Exercise directions: Only those lines in the data below from the line containing "- person [463,441,522,663]" through the line containing "name: [x,y,z,sx,sy,sz,roll,pitch,yaw]", both included, should be restated word for word.

Dataset entries:
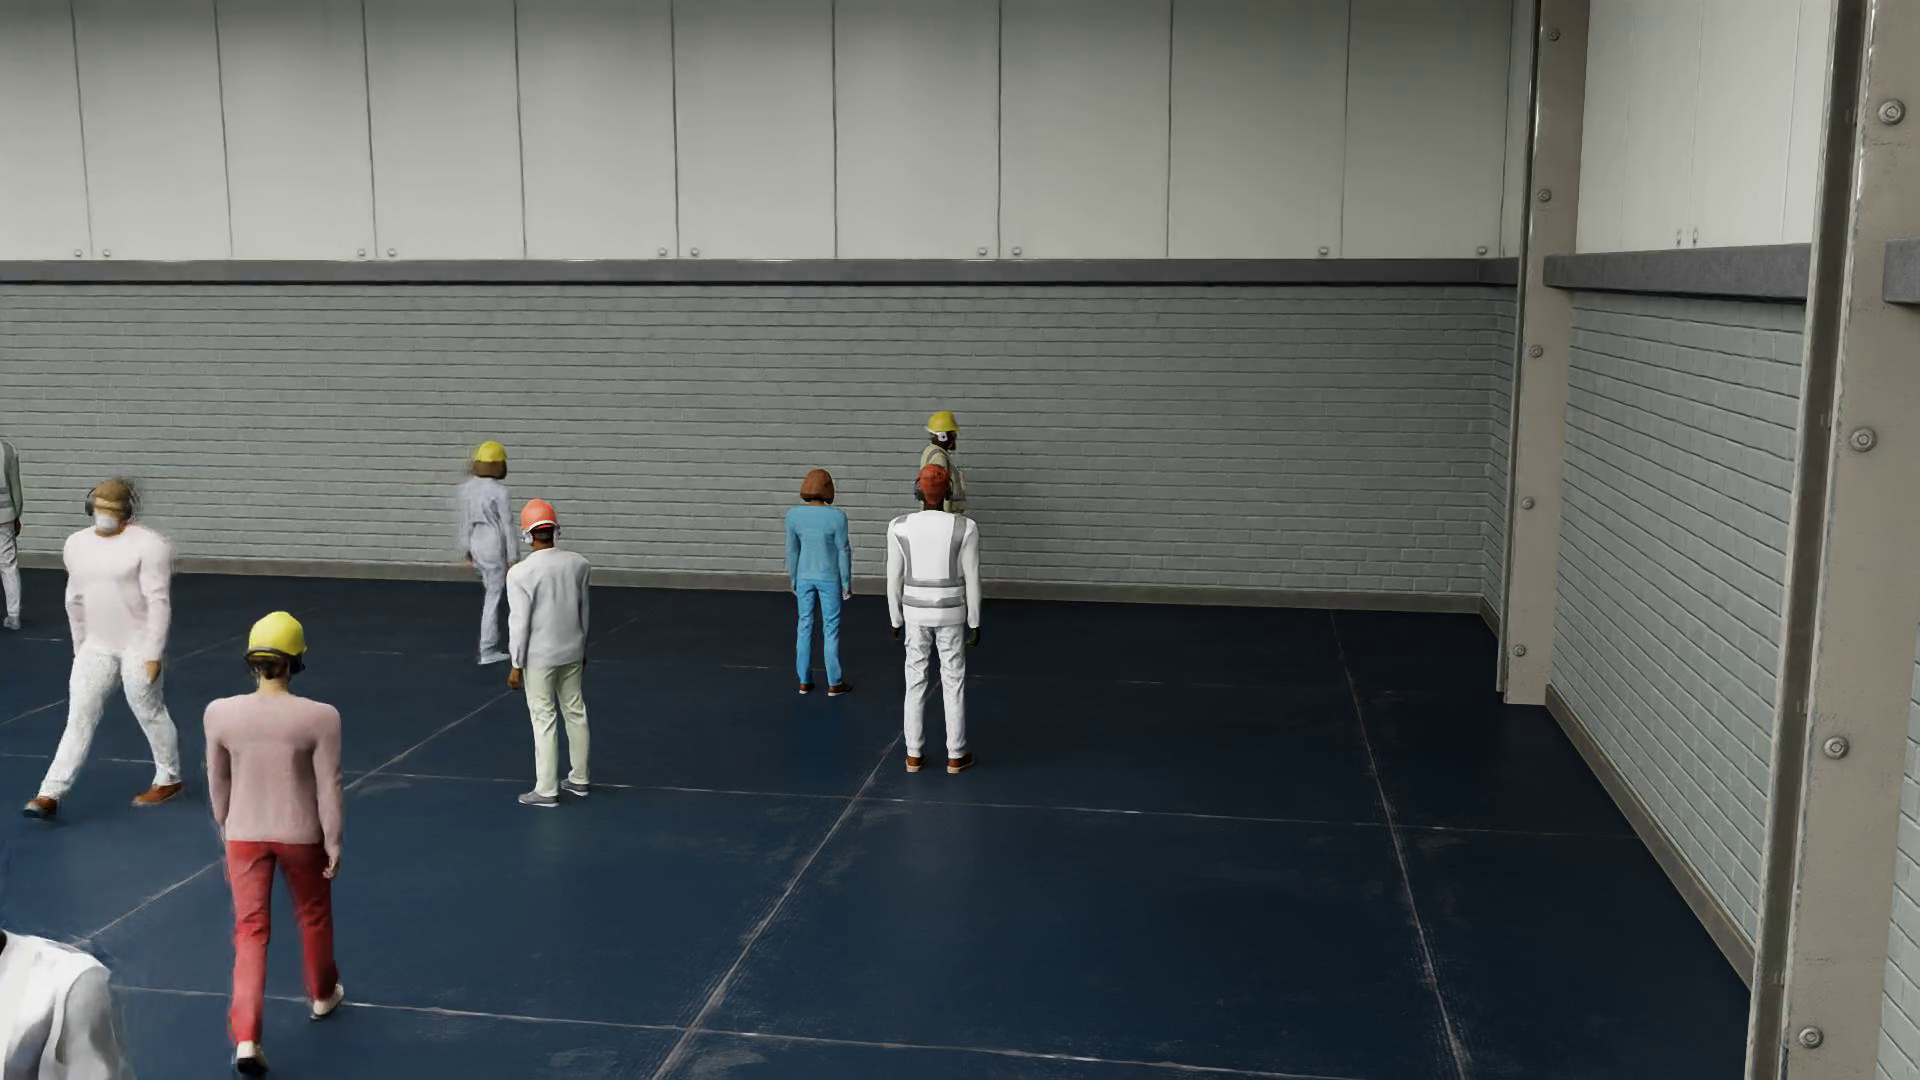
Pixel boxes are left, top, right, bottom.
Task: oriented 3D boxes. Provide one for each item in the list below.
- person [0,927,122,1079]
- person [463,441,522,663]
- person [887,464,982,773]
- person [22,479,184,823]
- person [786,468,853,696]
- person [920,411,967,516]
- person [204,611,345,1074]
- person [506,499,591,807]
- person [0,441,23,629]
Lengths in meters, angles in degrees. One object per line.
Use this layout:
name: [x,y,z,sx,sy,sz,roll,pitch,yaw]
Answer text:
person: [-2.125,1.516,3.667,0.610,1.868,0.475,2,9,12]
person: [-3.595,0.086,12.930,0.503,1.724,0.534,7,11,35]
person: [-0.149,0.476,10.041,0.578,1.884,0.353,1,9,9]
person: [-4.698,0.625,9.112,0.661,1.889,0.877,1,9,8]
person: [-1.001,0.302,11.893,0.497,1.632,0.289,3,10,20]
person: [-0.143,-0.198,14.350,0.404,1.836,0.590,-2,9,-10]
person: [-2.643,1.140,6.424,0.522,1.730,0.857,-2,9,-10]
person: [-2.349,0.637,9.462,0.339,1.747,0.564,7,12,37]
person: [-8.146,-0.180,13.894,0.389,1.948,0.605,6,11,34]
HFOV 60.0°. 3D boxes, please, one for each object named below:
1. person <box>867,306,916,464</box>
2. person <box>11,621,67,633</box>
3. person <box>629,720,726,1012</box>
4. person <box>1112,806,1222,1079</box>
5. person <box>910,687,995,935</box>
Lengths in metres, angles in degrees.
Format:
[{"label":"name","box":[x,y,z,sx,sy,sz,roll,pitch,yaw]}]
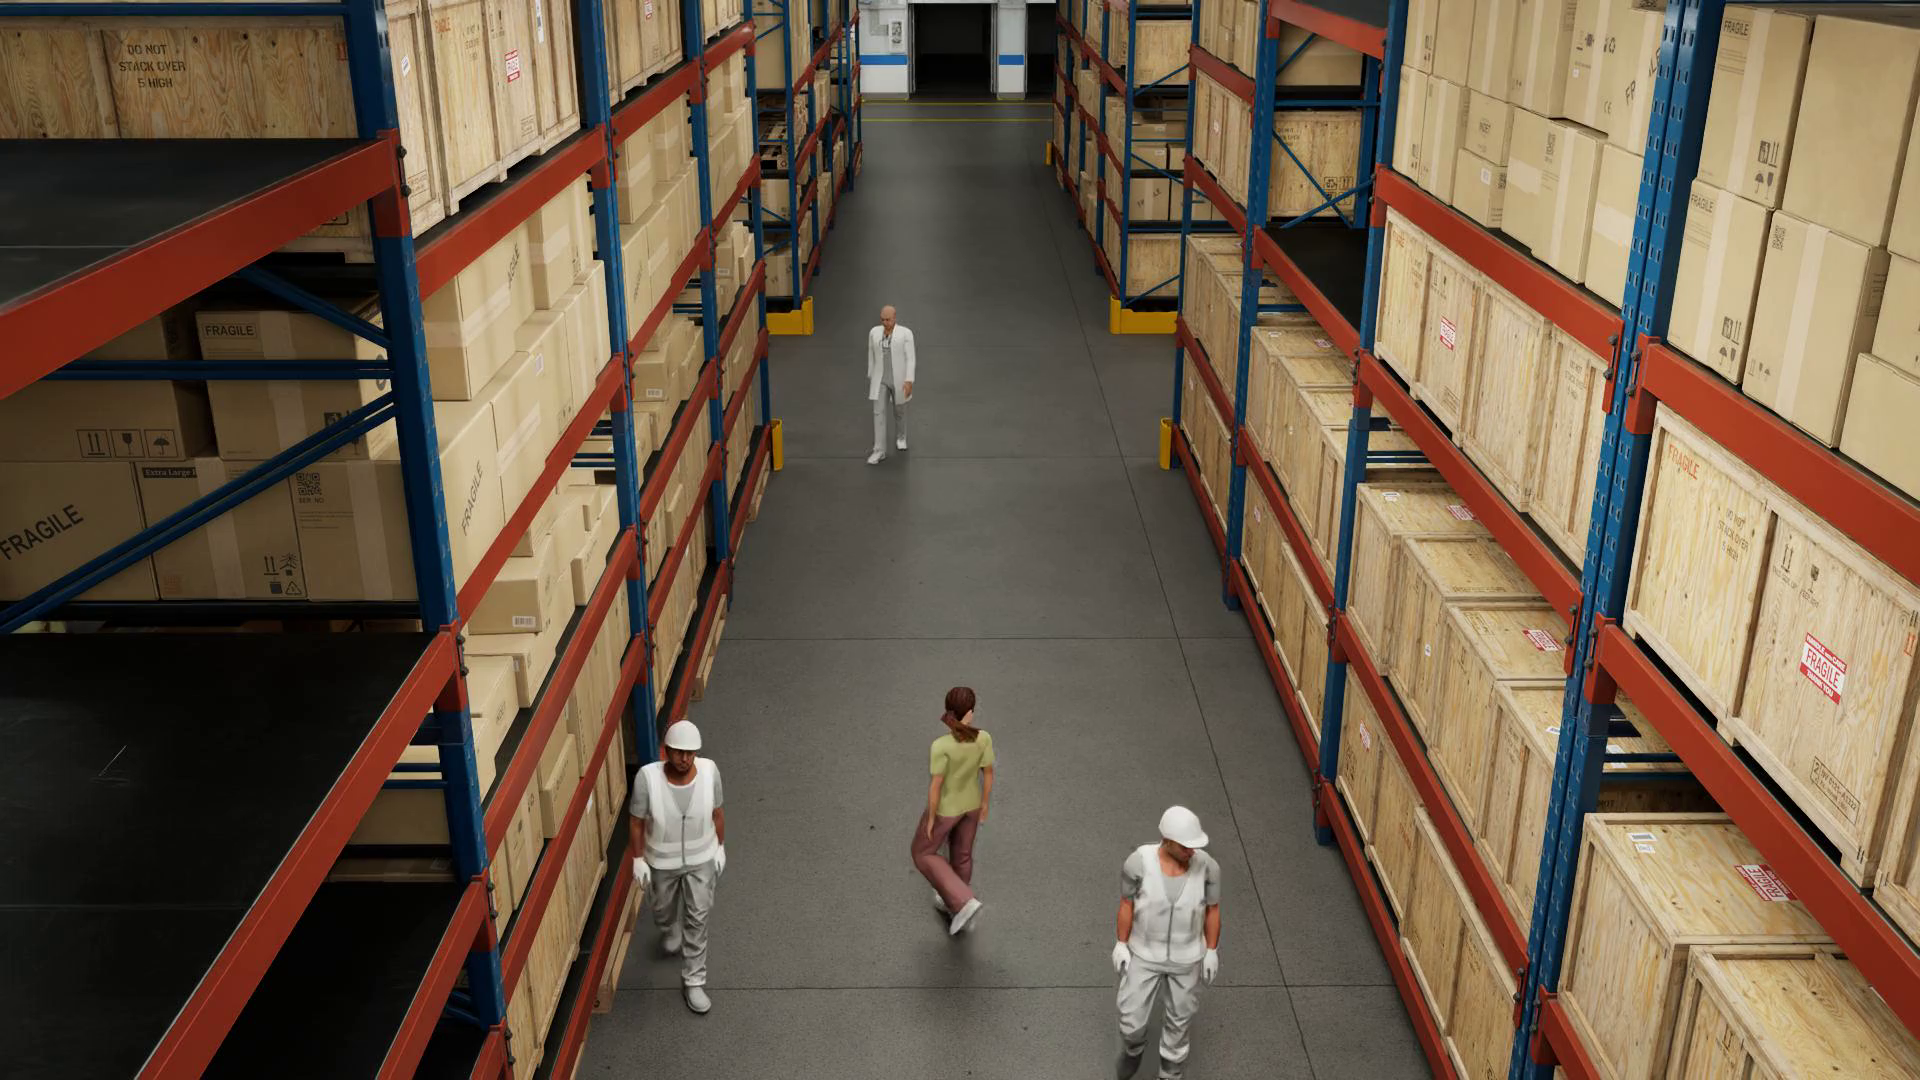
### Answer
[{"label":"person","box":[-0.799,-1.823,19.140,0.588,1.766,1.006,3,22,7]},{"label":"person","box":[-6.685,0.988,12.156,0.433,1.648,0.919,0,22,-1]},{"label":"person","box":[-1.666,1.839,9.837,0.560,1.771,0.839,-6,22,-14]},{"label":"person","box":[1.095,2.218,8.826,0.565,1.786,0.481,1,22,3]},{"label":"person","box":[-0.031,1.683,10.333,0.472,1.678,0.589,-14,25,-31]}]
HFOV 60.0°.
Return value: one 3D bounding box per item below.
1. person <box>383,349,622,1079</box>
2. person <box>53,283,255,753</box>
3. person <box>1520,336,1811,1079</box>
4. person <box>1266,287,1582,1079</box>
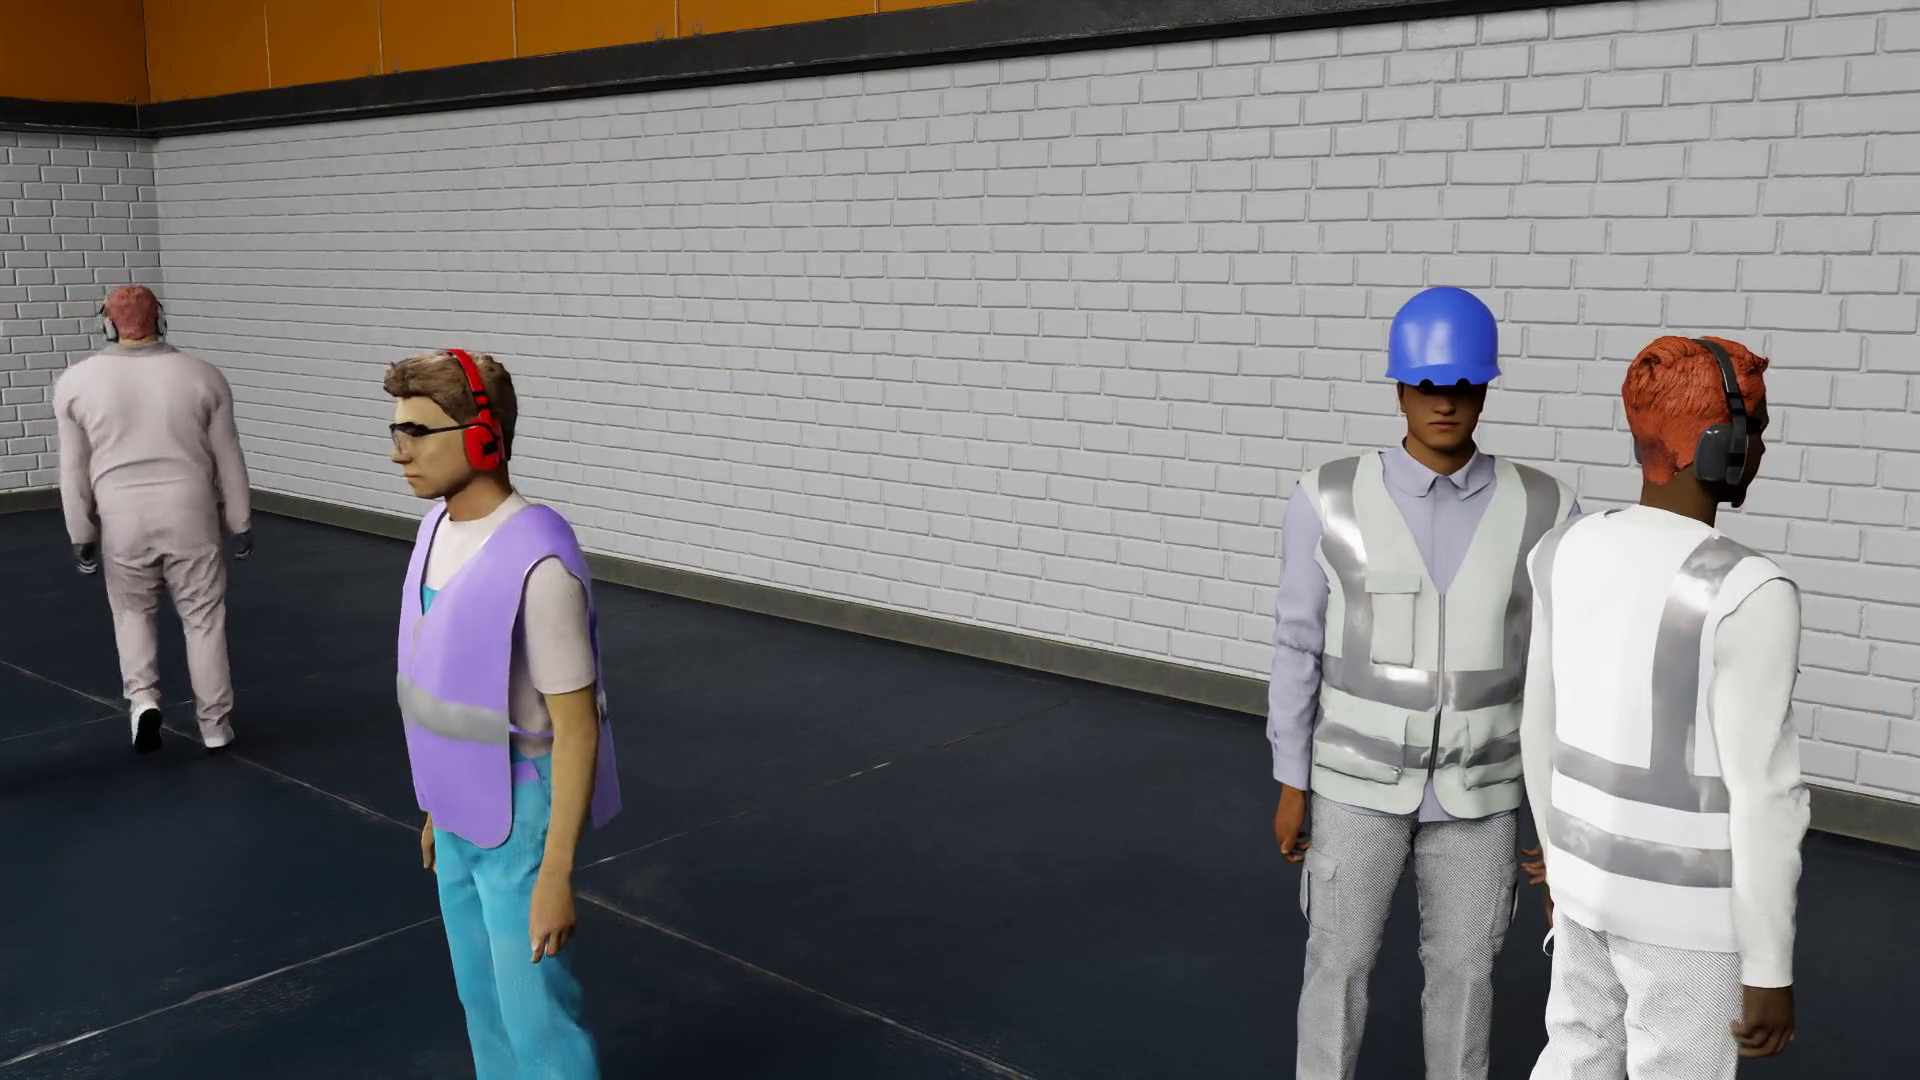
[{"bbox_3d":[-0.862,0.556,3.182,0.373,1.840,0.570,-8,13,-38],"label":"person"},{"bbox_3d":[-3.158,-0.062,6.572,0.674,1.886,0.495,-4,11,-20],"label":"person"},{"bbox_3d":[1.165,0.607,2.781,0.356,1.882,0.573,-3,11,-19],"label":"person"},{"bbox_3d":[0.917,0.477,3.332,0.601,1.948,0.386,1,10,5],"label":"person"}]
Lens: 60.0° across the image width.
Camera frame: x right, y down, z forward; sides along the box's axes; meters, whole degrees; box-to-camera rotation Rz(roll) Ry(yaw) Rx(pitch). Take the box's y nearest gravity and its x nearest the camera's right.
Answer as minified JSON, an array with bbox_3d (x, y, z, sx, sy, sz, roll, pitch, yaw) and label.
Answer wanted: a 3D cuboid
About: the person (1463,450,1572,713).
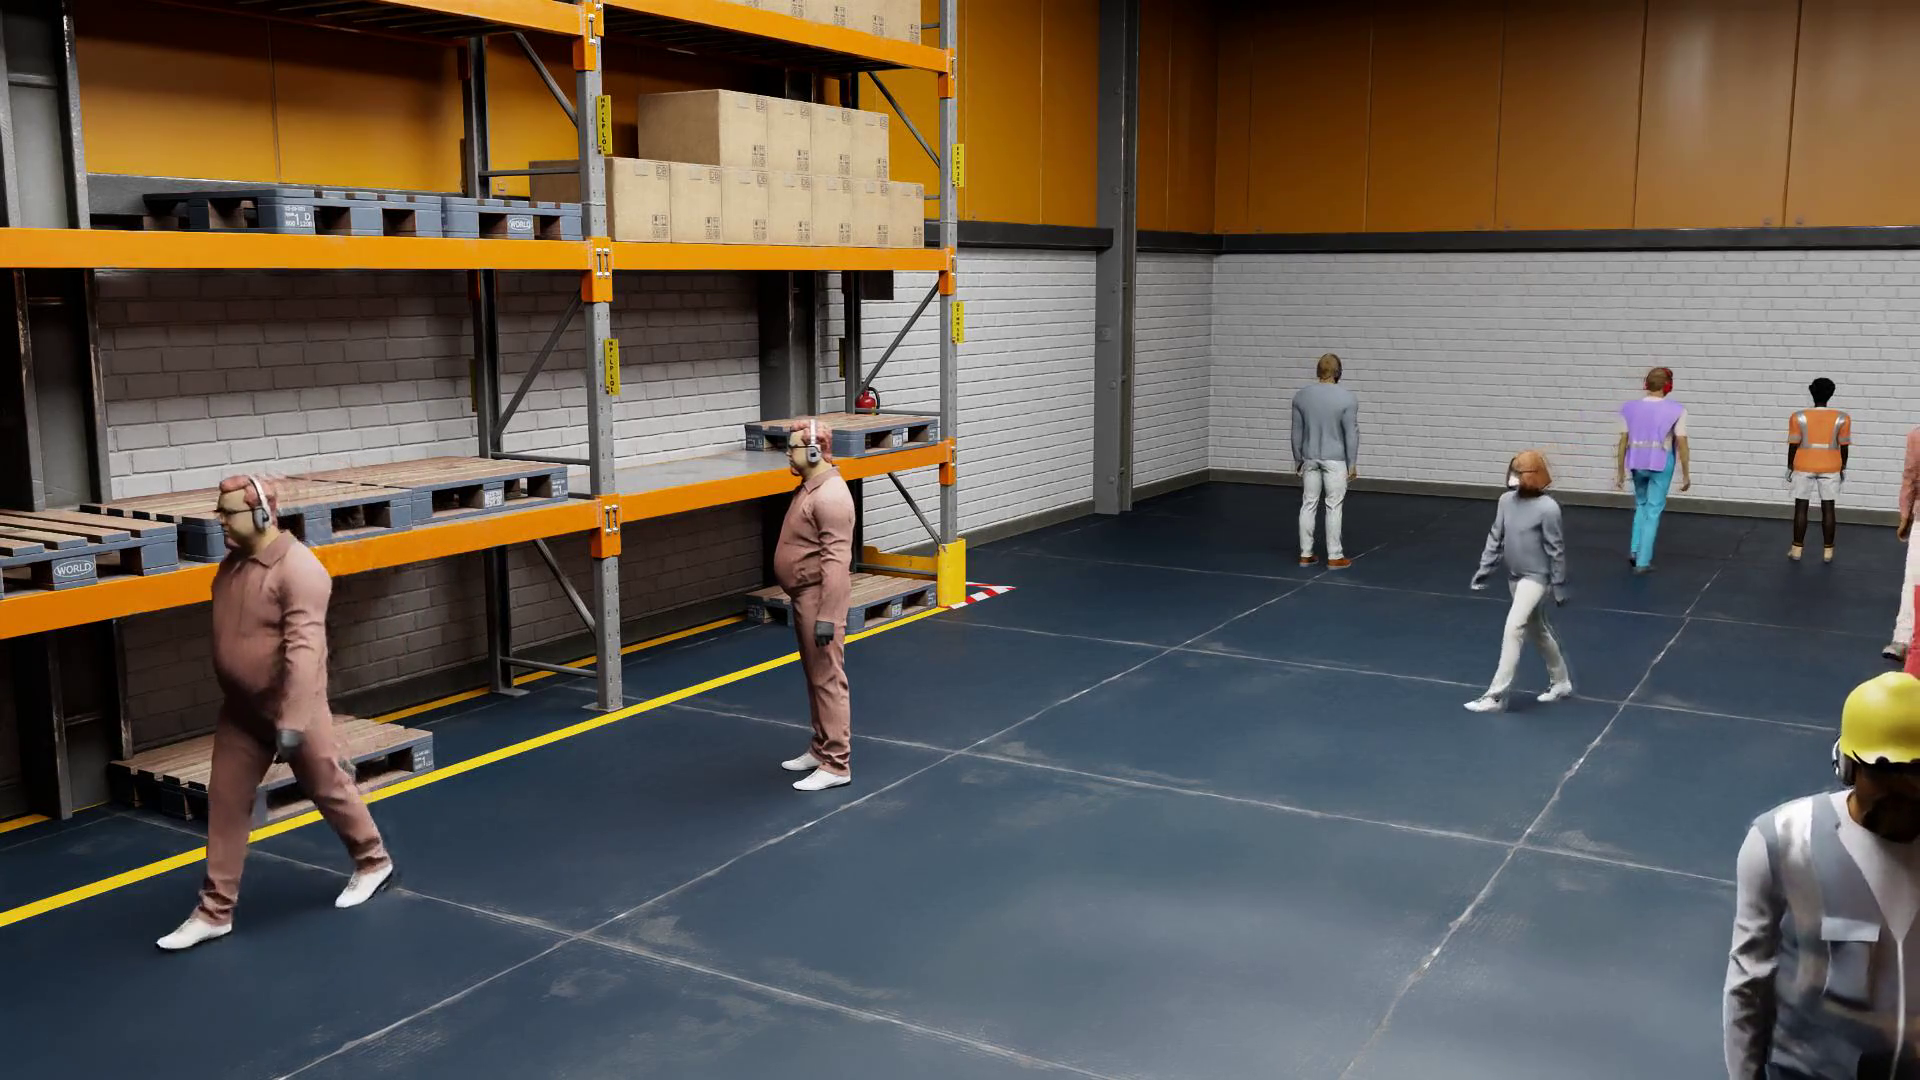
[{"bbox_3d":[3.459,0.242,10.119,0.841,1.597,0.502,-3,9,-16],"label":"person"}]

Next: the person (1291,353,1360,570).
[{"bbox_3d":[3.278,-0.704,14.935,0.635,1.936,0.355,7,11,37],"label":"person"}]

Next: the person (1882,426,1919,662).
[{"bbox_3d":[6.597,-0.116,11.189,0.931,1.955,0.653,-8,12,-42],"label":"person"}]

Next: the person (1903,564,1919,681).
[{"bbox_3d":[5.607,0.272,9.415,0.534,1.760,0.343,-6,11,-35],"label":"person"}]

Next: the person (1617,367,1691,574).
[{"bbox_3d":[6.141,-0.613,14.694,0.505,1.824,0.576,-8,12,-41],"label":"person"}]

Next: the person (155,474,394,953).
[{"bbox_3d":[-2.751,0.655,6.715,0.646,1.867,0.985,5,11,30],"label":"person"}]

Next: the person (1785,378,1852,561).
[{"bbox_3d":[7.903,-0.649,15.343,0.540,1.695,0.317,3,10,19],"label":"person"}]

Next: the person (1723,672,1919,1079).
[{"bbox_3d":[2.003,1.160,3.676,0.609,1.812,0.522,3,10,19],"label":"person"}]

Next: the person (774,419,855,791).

Finished task:
- person [463,441,522,663]
- person [887,464,982,773]
- person [22,479,184,823]
- person [786,468,853,696]
- person [920,411,967,516]
- person [204,611,345,1074]
- person [506,499,591,807]
- person [0,441,23,629]
Lengths in meters, angles in degrees. One object per line.
Use this layout:
name: [x,y,z,sx,sy,sz,roll,pitch,yaw]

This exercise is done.